Common Causes and Fixes for Cosmos DB 429 Errors

  1. Under-provisioned Request Units (RUs) for your workload: This is the most frequent culprit. Your database operations (reads, writes, queries) consume RUs, and if the total consumption consistently exceeds your provisioned throughput, Cosmos DB will throttle you.

    • Diagnosis: Monitor the RU Consumption metric in the Azure portal for your container. Look for spikes that correlate with your application’s error logs. You can also use the x-ms-cosmos-server-used-request-units header in your responses during periods of high traffic to see how many RUs a specific operation consumed.
    • Fix: Increase the provisioned RUs for the container or database. If your workload is highly variable, consider using Autoscale.
      • Manual Scale: In the Azure portal, navigate to your Cosmos DB account -> your database -> your container. Under "Scale," change "Manual Throughput" to a higher value (e.g., from 400 RU/s to 1000 RU/s).
      • Autoscale: Select "Autoscale" and set the maximum RU/s (e.g., 4000 RU/s). Cosmos DB will scale between 10% of the maximum and the maximum automatically.
    • Why it works: By increasing the available RUs, you provide more capacity for your operations, preventing them from hitting the provisioned limit and triggering throttling.
  2. Inefficient Queries or Operations: A single, complex query or a high volume of small, inefficient operations can consume a disproportionate amount of RUs.

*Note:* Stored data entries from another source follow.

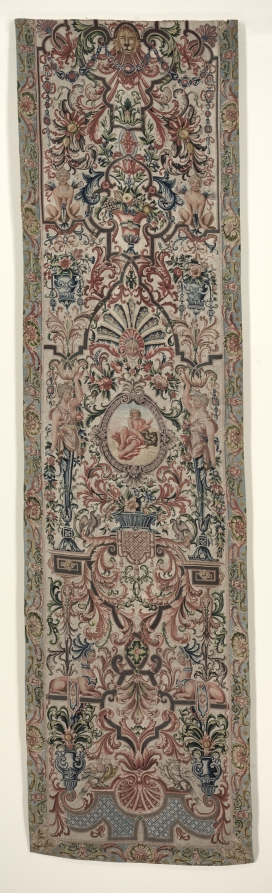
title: Needlework Bed Hanging (1 of 2)
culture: France, late 17th century
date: c. 1690
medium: petit point embroidery; silk and wool
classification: Embroidery

    • Diagnosis: Use the Azure portal’s "Performance" tab for your container to examine "Top Queries" by RU consumption. Analyze queries that are frequently appearing or consuming a high percentage of RUs. Check application logs for frequent, small read/write operations on the same items.
    • Fix: Optimize your queries. This might involve:
      • Adding appropriate indexing (e.g., ensure you’re indexing fields used in WHERE clauses, ORDER BY, and JOIN).
      • Avoiding SELECT * and only projecting the fields you need.
      • Breaking down complex queries into smaller, more manageable ones.
      • For frequently read items, consider using a "read-heavy" pattern where you fetch the item once and cache it in your application, rather than repeatedly querying for it.
      • Example Indexing Fix: If you frequently query by categoryId, ensure your indexing policy includes an index for it. For example, in the indexing policy JSON, you might have:
        {
            "indexingMode": "consistent",
            "automatic": true,
            "includedPaths": [
                { "path": "/*" }
            ],
            "excludedPaths": [
                { "path": "/\"_etag\"/$*" }
            ],
            "compositeIndexes": [],
            "spatialIndexes": []
        }
        
        To optimize for categoryId, you’d add an index for it, or if you already have /*, ensure it’s not being overridden by an exclusion. More specific indexing:
         "includedPaths": [
            { "path": "/categoryId" }, // Example for a specific field
            { "path": "/*" } // Catch-all if needed, but specific is better
        ]
        
    • Why it works: More efficient queries and operations consume fewer RUs per execution, reducing the overall RU pressure on the system and making your provisioned throughput last longer.
  3. Hot Partitioning: If your data is not evenly distributed across partitions, one or a few partitions can become a bottleneck, consuming all the RUs allocated to that partition and causing throttling, even if overall RU consumption is low.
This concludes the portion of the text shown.